Increase the number of classes with a new prediction pipeline. This method follows the same pipeline as face recognition and landmark retreival tasks. Rather than predict a single class, the model predicts an embedding and then uses a KNN search to find another image with a similar embedding. This process allows for the model to train on a large number of classes (say 1k), but then predict on classes it has never seem before. This relies on a well calibrated output embedding that predicts the same embedding values for the same foods, but different values for different foods. This method would scale much better for use cases where we need to classify among 10k+ classes.
In the second case, it would make sense to implement dedicated servers even if the mobile device could perform inference. The necessity is brought by the need for the KNN search of the embeddings. It is unrealistic for a mobile device to store the embeddings of hundreds of thousands of food photos.
When a photo is taken of a non food object, the classifier still attempts to classify it as a food. This can be addressed by adding a new class to represent non food and then train the model with this new class. However, the variety of non food objects is even greater than the variety of food objects. There are three potential approaches.
Implement a multi-class approach. This is the most simple as you would only need to add another class. However, this can cause problems during training in terms of the class imbalance. Should non food classes account for 1%, 10%, or 50% of the training samples? This approach may reduce the overall classification accuracy of food classes.
Implement a multi-label approach. This requires two separate outputs. One represents the original food classes via softmax cross entropy. The second is a sigmoid binary cross entropy between is food and not food.
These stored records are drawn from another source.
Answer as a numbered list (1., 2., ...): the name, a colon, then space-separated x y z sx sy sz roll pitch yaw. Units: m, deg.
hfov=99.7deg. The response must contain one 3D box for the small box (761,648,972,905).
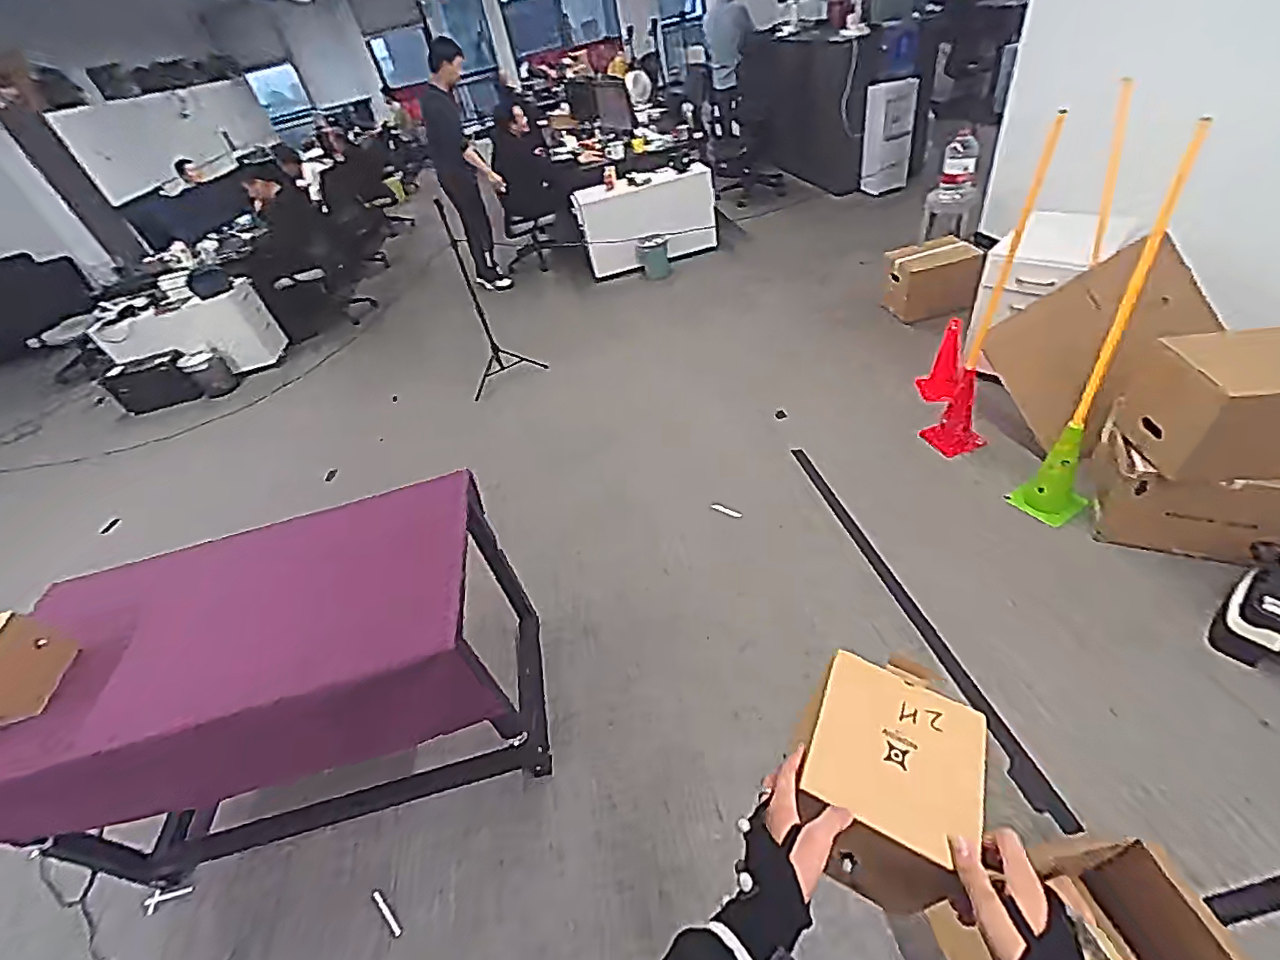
1. small box: 0.249 0.336 0.616 0.168 0.176 0.179 22 45 17

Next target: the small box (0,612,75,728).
1. small box: -1.427 0.429 1.193 0.168 0.176 0.179 -18 41 -5
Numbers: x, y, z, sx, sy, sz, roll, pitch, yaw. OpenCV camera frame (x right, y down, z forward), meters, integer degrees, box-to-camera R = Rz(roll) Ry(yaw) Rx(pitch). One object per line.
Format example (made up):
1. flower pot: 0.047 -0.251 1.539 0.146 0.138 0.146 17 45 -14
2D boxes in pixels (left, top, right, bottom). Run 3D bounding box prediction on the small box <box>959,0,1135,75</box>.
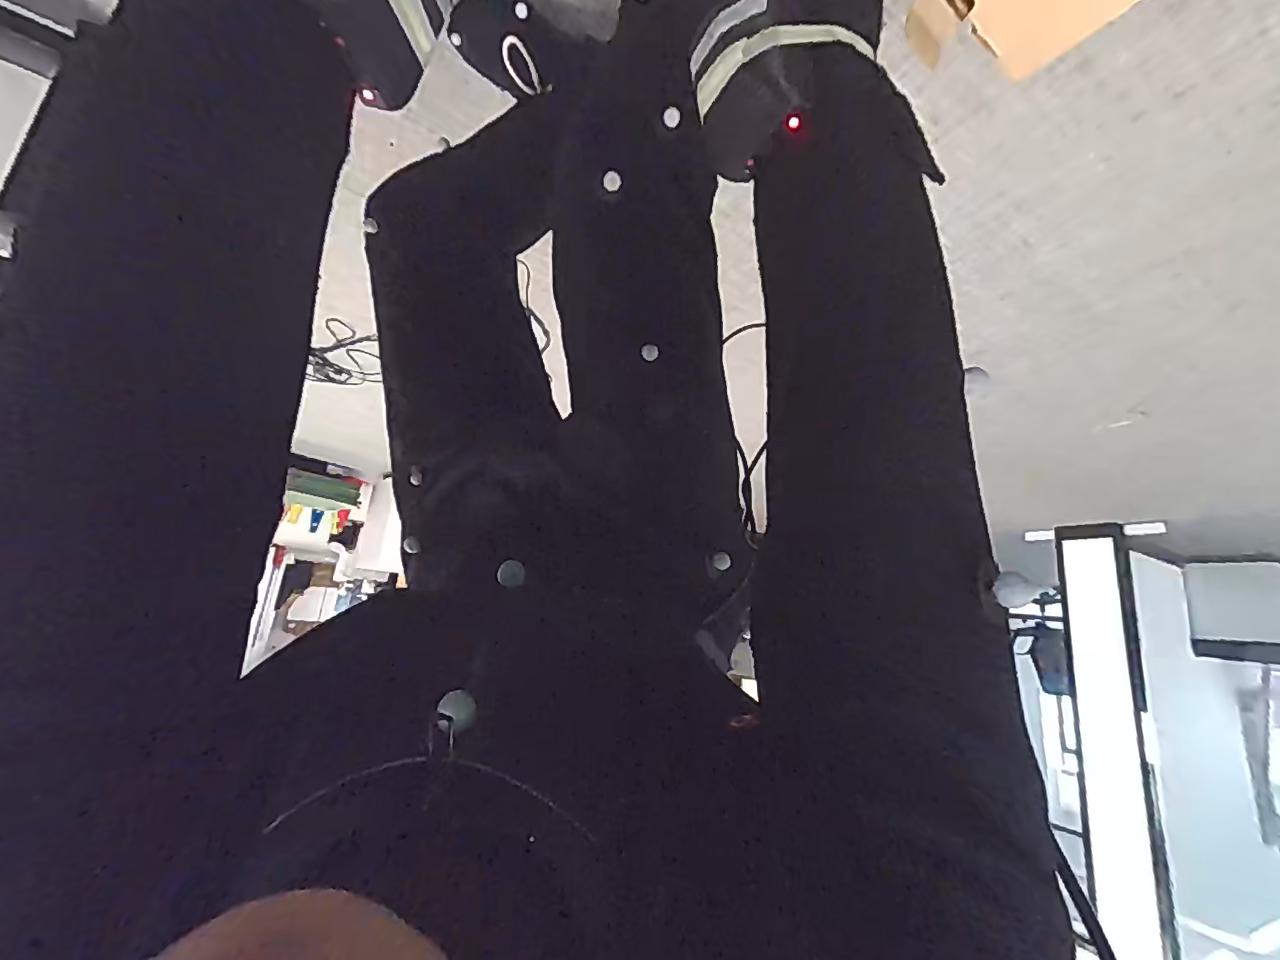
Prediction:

During training, in examples without any food, there should be no loss for the softmax cross entropy. This can be implemented by multiplying the softmax cross entropy loss per example by the is food label. This approach should yield better results than the multi-class approach and allows for easy calibration of the is food threshold because the model outputs a probability that a image contains a food class.
Implement an object localization and/or segmentation pipeline. This can be accomplished via Mask RCNN or similar model. This approach is likely to yield the best performance, but it requires bounding boxes or segmentation maps for the data. This approach makes it more difficult to scrape images from the web (eg. a simple Google search of boiled eggs will return a large number of images without masks). For web scraping, it may be necessary to utilize unsupervised or semi supervised learning methods such as pseudo-labeling.